The patriarchal outdated social constructs paint women as having large breasts, tiny waists and larger butts. When you are born with the “perfect hourglass body” and you reject it, you are met with a lot of hostility. In a similar fashion when you have breast implants you are painted as fake or ditzy. I knew I needed a breast reduction for my own health not just physically but mentally too. My breasts make me look a lot larger than I am, they stick out at least 10 cm from my chest. The prevent me from certain work outs in the gym as well as paint me as a ditzy idiot in my profession. I once received a comment about dressing more modestly in a lab when I was wearing a turtle neck jumper and trousers in the dead of winter. 

 My friends, whom I do not blame, had seeded the idea that my partner will not love me as much when I under go a breast reduction. Every time the topic of breasts came up in conversations with friends I was shamed, “oh you can’t comment on this, you don’t even want yours.” When Amber Rose under went a breast reduction and spoke about lollipop or anchor scars, I felt scared. Was I going to have deformed breasts? What would be worse, my friends would ask, deformed breasts or perfectly large ones? Do you want to breast feed, one friend asked me? Not being able to breast feed when having kids was really putting me off getting a reduction. 

In reality only 66% of women with breasts larger than a D cup can breast feed. Surgical techniques have come a long way and now surgeons work on preserving milk ducts for women who need breast reductions before kids. Sure it might decrease your chances of breast feeding, but it is only by a small percentile margin. 

Actually if you scroll through Instagrams #breastreduction tag there are plenty of women whom have had breast reduction surgery before kids and have not regretted it. Breast reduction surgery improves the patients quality of life and is a gate way to a more active lifestyle. Doctors actually prefer you to have a breast reduction before having kids if they are impacting your quality of life.
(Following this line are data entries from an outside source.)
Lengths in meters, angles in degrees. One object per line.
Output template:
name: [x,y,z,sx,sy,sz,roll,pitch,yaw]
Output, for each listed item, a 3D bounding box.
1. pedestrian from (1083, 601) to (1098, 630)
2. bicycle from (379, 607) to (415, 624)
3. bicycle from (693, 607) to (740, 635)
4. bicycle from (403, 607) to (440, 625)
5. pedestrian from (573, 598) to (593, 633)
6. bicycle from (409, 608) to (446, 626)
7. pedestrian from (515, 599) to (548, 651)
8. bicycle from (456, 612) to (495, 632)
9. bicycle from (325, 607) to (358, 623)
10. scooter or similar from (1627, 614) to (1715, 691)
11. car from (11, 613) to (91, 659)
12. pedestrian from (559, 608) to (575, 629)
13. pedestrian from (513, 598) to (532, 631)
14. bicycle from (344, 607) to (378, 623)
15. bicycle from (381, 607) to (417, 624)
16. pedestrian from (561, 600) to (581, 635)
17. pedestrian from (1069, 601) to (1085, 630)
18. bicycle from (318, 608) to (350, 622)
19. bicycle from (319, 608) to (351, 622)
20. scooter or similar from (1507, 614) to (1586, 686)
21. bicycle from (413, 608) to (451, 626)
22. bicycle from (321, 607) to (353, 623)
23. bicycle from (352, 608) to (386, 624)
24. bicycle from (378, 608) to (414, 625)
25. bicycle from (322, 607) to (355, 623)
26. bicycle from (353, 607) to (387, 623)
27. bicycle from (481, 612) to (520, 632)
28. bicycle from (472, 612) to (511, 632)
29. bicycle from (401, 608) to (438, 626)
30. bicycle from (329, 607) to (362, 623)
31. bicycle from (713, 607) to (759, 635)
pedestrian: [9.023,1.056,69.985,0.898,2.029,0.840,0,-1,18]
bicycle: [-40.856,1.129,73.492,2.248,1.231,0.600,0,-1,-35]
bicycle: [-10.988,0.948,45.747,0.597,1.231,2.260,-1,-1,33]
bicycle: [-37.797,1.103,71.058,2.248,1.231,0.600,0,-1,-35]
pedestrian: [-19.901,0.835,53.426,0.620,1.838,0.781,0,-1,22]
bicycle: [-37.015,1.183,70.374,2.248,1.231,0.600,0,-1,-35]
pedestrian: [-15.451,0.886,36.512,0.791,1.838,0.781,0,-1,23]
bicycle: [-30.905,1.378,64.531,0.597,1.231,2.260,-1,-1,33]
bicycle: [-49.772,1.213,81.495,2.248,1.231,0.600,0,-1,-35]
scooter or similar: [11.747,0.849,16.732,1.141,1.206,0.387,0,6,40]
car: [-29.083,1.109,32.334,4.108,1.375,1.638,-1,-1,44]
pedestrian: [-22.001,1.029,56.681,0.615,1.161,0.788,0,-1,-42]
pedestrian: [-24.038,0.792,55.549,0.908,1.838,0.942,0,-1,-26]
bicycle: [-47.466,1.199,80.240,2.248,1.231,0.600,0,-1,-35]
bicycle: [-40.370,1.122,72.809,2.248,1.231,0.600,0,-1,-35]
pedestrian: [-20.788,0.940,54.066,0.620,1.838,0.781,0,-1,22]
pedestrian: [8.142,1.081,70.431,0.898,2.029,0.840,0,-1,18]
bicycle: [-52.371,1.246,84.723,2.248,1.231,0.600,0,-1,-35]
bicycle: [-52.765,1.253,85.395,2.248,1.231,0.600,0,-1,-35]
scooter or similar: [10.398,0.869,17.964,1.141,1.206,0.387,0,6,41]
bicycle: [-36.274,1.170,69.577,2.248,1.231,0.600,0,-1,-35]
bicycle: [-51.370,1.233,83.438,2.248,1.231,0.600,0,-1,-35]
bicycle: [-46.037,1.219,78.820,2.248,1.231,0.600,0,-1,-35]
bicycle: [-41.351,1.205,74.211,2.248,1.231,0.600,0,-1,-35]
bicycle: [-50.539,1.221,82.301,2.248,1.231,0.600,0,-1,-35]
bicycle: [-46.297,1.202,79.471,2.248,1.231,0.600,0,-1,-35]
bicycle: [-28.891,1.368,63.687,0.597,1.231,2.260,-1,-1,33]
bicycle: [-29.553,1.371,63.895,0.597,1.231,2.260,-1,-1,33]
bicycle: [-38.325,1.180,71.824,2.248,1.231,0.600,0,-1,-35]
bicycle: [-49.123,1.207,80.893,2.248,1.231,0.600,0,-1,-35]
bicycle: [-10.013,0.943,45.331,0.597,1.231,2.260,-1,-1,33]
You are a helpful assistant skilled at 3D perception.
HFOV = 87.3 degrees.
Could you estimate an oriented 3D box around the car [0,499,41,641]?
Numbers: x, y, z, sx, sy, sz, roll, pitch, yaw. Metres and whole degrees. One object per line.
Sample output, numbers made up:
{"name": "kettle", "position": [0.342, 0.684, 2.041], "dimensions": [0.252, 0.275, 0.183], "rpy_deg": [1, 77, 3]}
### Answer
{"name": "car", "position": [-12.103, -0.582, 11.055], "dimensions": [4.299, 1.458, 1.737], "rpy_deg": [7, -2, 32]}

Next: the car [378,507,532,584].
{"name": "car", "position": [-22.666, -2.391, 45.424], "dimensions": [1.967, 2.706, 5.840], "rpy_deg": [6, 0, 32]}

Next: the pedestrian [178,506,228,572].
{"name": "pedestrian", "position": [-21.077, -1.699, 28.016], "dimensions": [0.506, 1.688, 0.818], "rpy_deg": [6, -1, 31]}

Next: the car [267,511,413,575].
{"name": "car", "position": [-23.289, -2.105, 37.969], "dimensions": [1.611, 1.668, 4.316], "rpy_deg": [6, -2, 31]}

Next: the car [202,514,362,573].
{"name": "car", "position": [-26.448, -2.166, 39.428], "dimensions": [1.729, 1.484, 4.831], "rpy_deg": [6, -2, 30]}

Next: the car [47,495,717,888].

While I was struggling internally, crying every time I was in a change room and envying smaller breasted women I decided I couldn’t take it any more. I am 26 and I have breast stretch marks, I wear maternity bras when I get my period and I can’t shop for clothes I want to wear. My breasts, being my greatest assists are also my biggest liability. I decided to get a breast reduction. While there are many options out there now like liposuction which can reduce breasts by 50%, and minimal scarring, they are still options you need to consult with your doctor. Surprisingly my biggest supporter is my husband. 

I have not gotten a breast reduction yet, but I am, exploring my options now. Some friends have fought me on the idea, but they are my breasts and my body. I understand a lot of women are going through this struggle. If your friend, co-worker, sibling, a sister in your friends circle is struggling with bigger breasts. Please don’t dismiss her. Beauty is pain, sure when we are talking about waxing, but not something that can cause you harm.